We give a simple, direct and reusable logical relations technique for languages with recursive features and partially defined differentiable functions. We demonstrate it by working out the case of Automatic Differentiation (AD) correctness: namely, we present a proof of the dual numbers style AD macro correctness for realistic functional languages in the ML-family. We also show how this macro provides us with correct forward- and \textit{reverse-mode} AD. The starting point is to interpret a functional programming language in a suitable freely generated categorical structure. In this setting, by the universal property of the syntactic categorical structure, the dual numbers AD macro and the basic $\omega$-cpo semantics arise as structure preserving functors. The proof follows, then, by a novel logical relations argument. The key to much of our contribution is a powerful monadic logical relations technique for term recursion and recursive types. It provides us with a semantic correctness proof based on a simple approach for denotational semantics, making use only of the very basic concrete model of $\omega$-cpos.

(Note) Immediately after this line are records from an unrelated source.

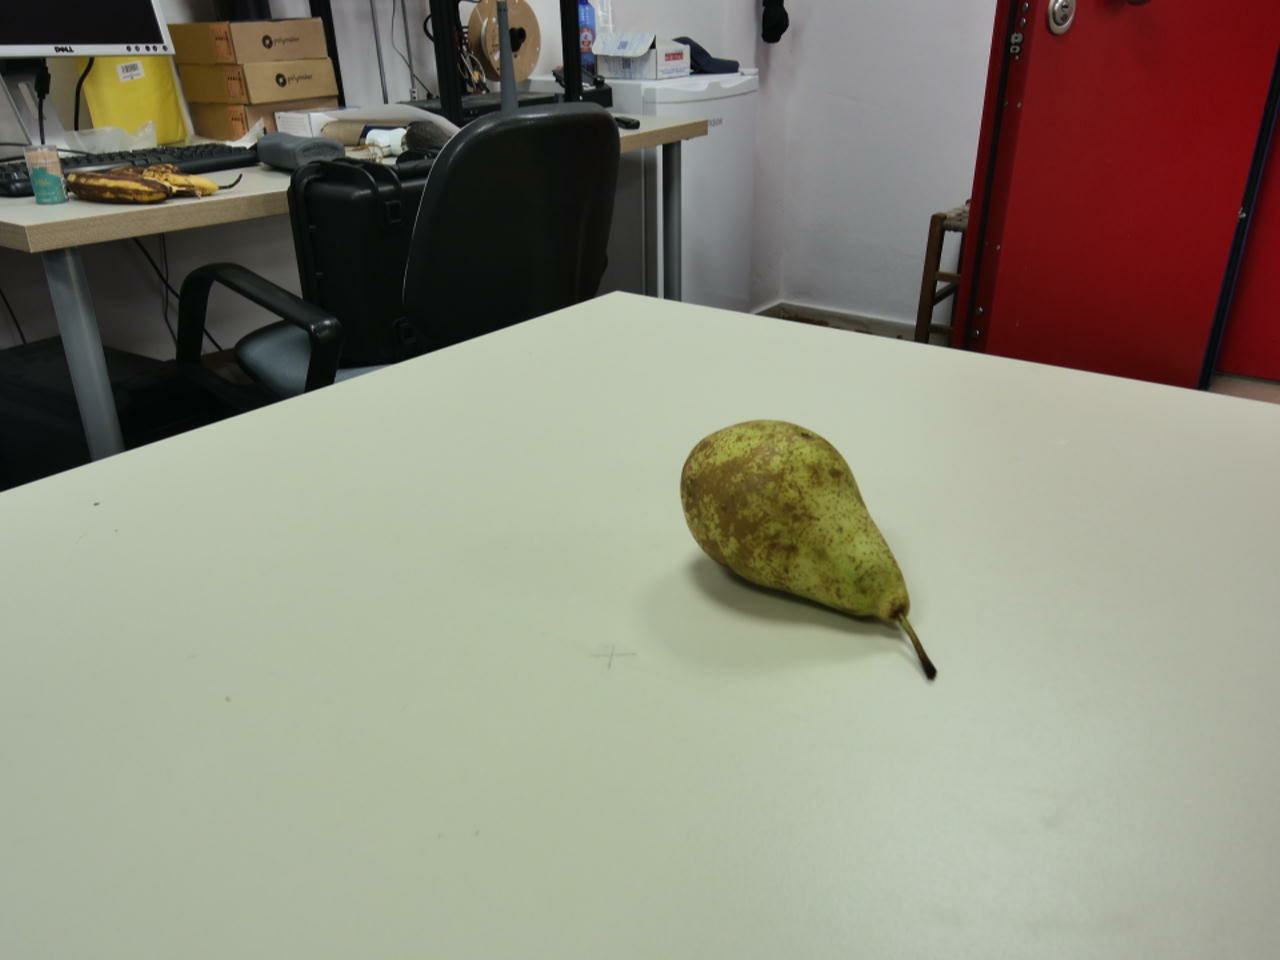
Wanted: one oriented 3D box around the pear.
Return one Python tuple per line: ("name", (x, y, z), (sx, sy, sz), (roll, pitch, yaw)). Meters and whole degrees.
("pear", (0.076, 0.016, 0.426), (0.128, 0.075, 0.071), (14, 26, 28))
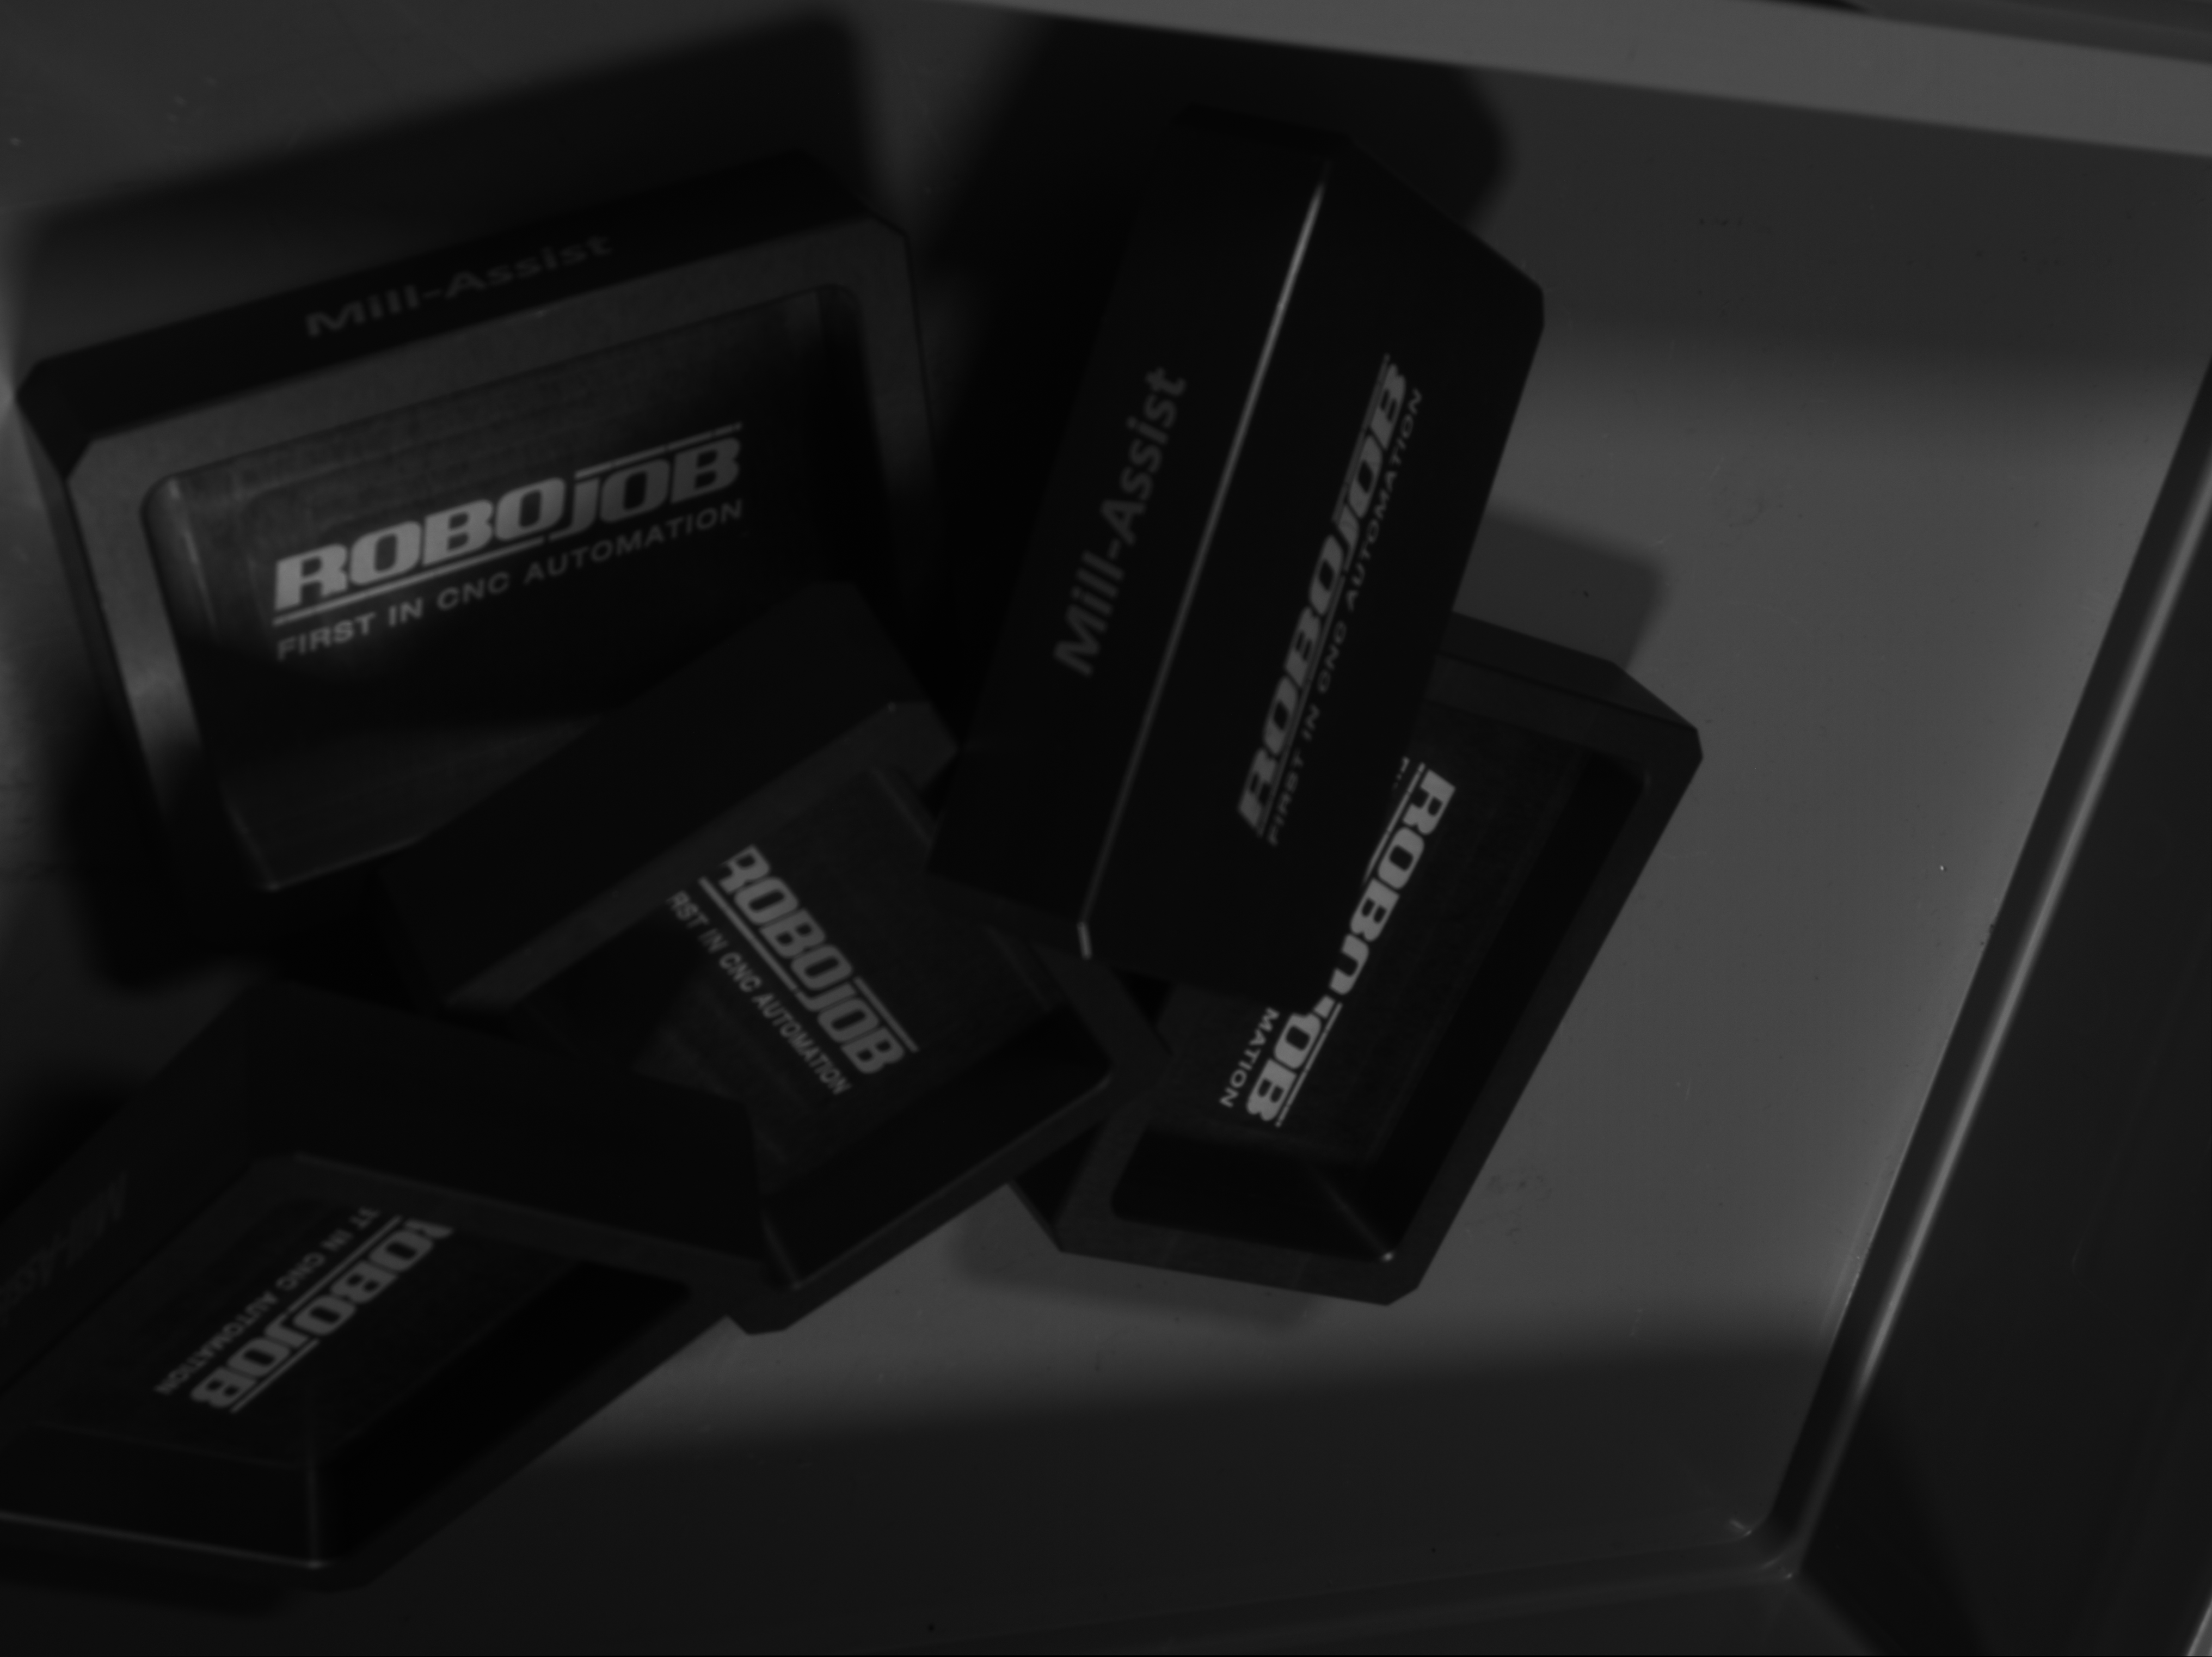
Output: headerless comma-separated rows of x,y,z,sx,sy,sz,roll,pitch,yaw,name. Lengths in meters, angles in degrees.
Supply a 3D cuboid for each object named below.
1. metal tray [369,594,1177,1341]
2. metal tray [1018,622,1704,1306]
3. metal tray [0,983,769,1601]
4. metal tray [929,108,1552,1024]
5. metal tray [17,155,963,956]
-0.051,0.027,0.605,0.090,0.030,0.130,-33,145,0,metal tray
0.045,0.023,0.687,0.090,0.030,0.130,14,111,-35,metal tray
-0.126,0.078,0.582,0.090,0.030,0.130,19,136,-37,metal tray
0.024,-0.039,0.591,0.090,0.030,0.130,19,89,-61,metal tray
-0.091,-0.043,0.566,0.130,0.030,0.090,-19,126,-19,metal tray

翻译：我们提出了一种简单、直接且可重用的逻辑关系技术，适用于具有递归特征和部分可微函数的语言。我们通过自动微分（AD）正确性的实例进行演示：具体而言，我们为ML家族中现实函数式语言的二元数风格AD宏正确性给出了证明。我们还展示了该宏如何提供正确的前向模式和反向模式AD。出发点是在适当自由生成的范畴结构中解释函数式编程语言。在此设定下，通过语法范畴结构的泛性质，二元数AD宏与基本的$\omega$-cpo语义作为保结构函子出现。随后，通过一种新颖的逻辑关系论证完成证明。我们贡献的关键在于一种针对项递归和递归类型的强大单子逻辑关系技术。该技术基于简单的指称语义方法（仅利用$\omega$-cpos这一基础具体模型）提供了语义正确性证明。